With the report’s 30th anniversary edition this year, HDI ranks all countries in the world by the level of human development.

The report also argues that as people and planet enter the Anthropocene, it is time for all countries to redesign their paths to progress by fully accounting for the dangerous pressures humans put on the planet, and dismantle the gross imbalances of power and opportunity that prevent change.

Meanwhile, thanking UNDP, Chidrel Lyonpo (Foreign Minister) Dr Tandi Dorji, said this year’s theme resonates strongly with Bhutan’s developmental philosophy of Gross National Happiness. “Guided by our successive visionary monarchs, Bhutan continues to accord high importance to the health of our natural ecosystem. Our rich and pristine environment stands testimony to that.”

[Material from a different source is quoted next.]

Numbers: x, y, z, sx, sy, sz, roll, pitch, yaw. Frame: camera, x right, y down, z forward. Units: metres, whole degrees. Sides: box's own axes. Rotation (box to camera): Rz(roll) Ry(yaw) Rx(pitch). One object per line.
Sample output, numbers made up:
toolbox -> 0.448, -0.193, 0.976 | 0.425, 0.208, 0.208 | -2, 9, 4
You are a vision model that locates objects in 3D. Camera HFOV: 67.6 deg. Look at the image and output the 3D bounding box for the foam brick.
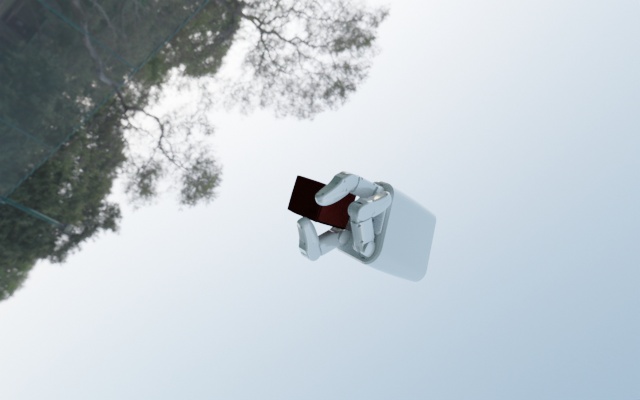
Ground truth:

He said that he had no inhibitions in saying that Bhutan long chose a human development path that is in balance with the planet, one that the HDR 2020 advocates for in moving forward.

The report has identified three crucial building blocks to create real, lasting change: working with nature through nature-based solutions, improving incentives, and changing social norms, which Lyonpo said that Bhutan had been striving to achieve over the years.

The report recognises Bhutan’s Gross National Happiness work as a well-known project for measuring wellbeing of societies from the Global South.

The virtual launch was followed by a panel discussion, themed, “Navigating the Anthropocene: Bhutanese Voices,” in which the members discussed ways forward on how Bhutan can contribute to navigate the Anthropocene or the Age of Humans, in which human activity is shaping the planet than the planet shapes human activity.